Creating a Deny Record to Handle Access Right Exceptions

Suppose that you have a group called Testers that has complete access to the files in the QA view, a view that contains folders full of test files. A newly hired member of the Testers group, New Tester, has not yet been trained to update the tests, and so on. Although New Tester is a member of the Testers group, you do not want this user to perform certain operations on these files for a couple of weeks. You could remove New Tester from the Testers group temporarily, but the application also allows you to give New Tester all the rights of the Testers group with a few exceptions. To list the exceptions, you create a deny record.
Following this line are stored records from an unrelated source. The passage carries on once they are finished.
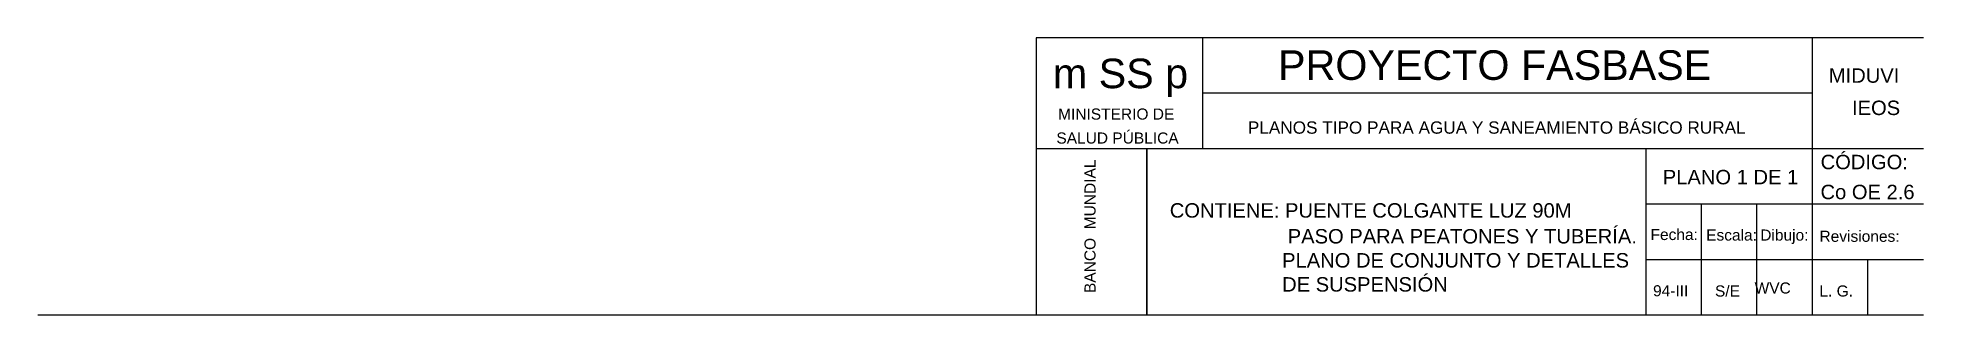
# Model space of a CAD drawing. Header units: metres. Extents: x 2644 to 4131, y 3282 to 4383.
# Drawn here: x 3149.07 to 3166.07, y 4355.27 to 4357.77 of the extents above; entities that cross this region are included whole.
import ezdxf
from ezdxf.enums import TextEntityAlignment as Align

# ---------------------------------------------------------------- set-up
doc = ezdxf.new("R2010")
doc.units = ezdxf.units.M
doc.layers.add('Dibujo', color=7, linetype='Continuous')
doc.styles.add('Annotative', font='arial.ttf')
doc.styles.get("Standard").update_dxf_attribs({"font": 'arial.ttf'})

msp = doc.modelspace()

# ---------------------------------------------------------------- linework, layer by layer
at = {"layer": 'Dibujo', "color": 0, "linetype": 'ByBlock'}
for p, q in [((3158.066, 4357.765), (3158.066, 4355.265)), ((3166.066, 4357.765), (3158.066, 4357.765)), ((3159.566, 4357.765), (3159.566, 4356.765)), ((3165.066, 4355.265), (3165.066, 4357.765)), ((3165.066, 4357.265), (3159.566, 4357.265)), ((3166.066, 4356.765), (3158.066, 4356.765)), ((3159.066, 4356.765), (3159.066, 4355.265)), ((3159.066, 4355.265), (3159.066, 4356.765)), ((3163.566, 4355.265), (3163.566, 4356.765)), ((3166.066, 4356.265), (3163.566, 4356.265)), ((3164.066, 4355.265), (3164.066, 4356.265)), ((3164.566, 4355.265), (3164.566, 4356.265)), ((3166.066, 4355.765), (3163.566, 4355.765)), ((3165.566, 4355.265), (3165.566, 4355.765)), ((3166.066, 4355.265), (3149.066, 4355.265))]:
    msp.add_line(p, q, dxfattribs=at)

# ---------------------------------------------------------------- texts
for s, height, p in [('PROYECTO FASBASE', 0.26624, (3160.248, 4357.386)), ('m SS p', 0.2662, (3158.218, 4357.311)), ('PLANOS TIPO PARA AGUA Y SANEAMIENTO BÁSICO RURAL', 0.11076, (3159.976, 4356.901))]:
    msp.add_text(s, height=height, dxfattribs=at).set_placement(p)
at = {"layer": 'Dibujo', "color": 0, "linetype": 'ByBlock', "style": 'Annotative'}
for s, p in [('MIDUVI', (3165.214, 4357.36)), ('IEOS', (3165.423, 4357.069)), ('CÓDIGO:', (3165.14, 4356.581)), ('PLANO 1 DE 1', (3163.717, 4356.445)), ('Co OE 2.6', (3165.139, 4356.311)), ('CONTIENE: PUENTE COLGANTE LUZ 90M', (3159.272, 4356.145))]:
    msp.add_text(s, height=0.13, dxfattribs=at).set_placement(p)
at = {"layer": 'Dibujo', "color": 0, "linetype": 'ByBlock'}
for s, p in [('MINISTERIO DE', (3158.789, 4357.028)), ('SALUD PÚBLICA', (3158.801, 4356.812)), ('Fecha:', (3163.82, 4355.943)), ('Escala:', (3164.337, 4355.938)), ('Dibujo:', (3164.813, 4355.938)), ('Revisiones:', (3165.491, 4355.927)), ('94-III', (3163.788, 4355.436)), ('S/E', (3164.3, 4355.434)), ('WVC', (3164.708, 4355.461)), ('L. G. ', (3165.3, 4355.434))]:
    msp.add_text(s, height=0.1, dxfattribs=at).set_placement(p, align=Align.CENTER)
msp.add_text('BANCO  MUNDIAL', height=0.1, rotation=90, dxfattribs=at).set_placement((3158.603, 4356.067), align=Align.CENTER)
at = {"layer": 'Dibujo', "color": 0, "linetype": 'ByBlock', "insert": (3160.285, 4356.042), "char_height": 0.13, "width": 3.25764, "attachment_point": 1}
msp.add_mtext(' PASO PARA PEATONES Y TUBERÍA.\\PPLANO DE CONJUNTO Y DETALLES DE SUSPENSIÓN', dxfattribs=at)

doc.saveas('drawing.dxf')

Click Add. The Assign Access Rights To dialog box opens.
Select a user or group. Users are listed by their user names and groups are listed by their paths (excluding the All Users group).
Select Deny and click OK to return to the Access Rights dialog box.
CAUTION:

Never select Deny to create an exception to a group unless that group is already specifically granted access for this same node. In this example, the Testers group must have access for this node.
Select/clear the appropriate check boxes. Selecting or clearing the check box for a category, such as Generic object rights for a project, selects or clears all the access right check boxes for that category. The category check box has only two states. When it is cleared, the access right check boxes for that category are either all cleared or mixed: some selected and some cleared.
CAUTION:

Clicking Delete removes the selected user or group from the User and Groups list in the Access Rights dialog box. The selected user or group loses any previously set access rights to the Server.
Click Move Up to move the deny record to the top of the Users and groups list in the Access Rights dialog box.
Tip: All deny records must precede all grant records in the Users and groups list. Otherwise, the exception will not occur. For example, if the application finds the grant record for Testers before it finds the deny record for New Tester, the rights the user has as a member of the Testers group will apply.
Click OK.

Note: Depending on the privileges of the Testers group, New Tester may be able to perform these operations anyway. Also, if a deny record is the only record for a node, anyone not specifically granted access rights for that node has no access to that type of object at that level. When the application finds a node for the correct type of object that has even one record, it does not check higher levels for access rights.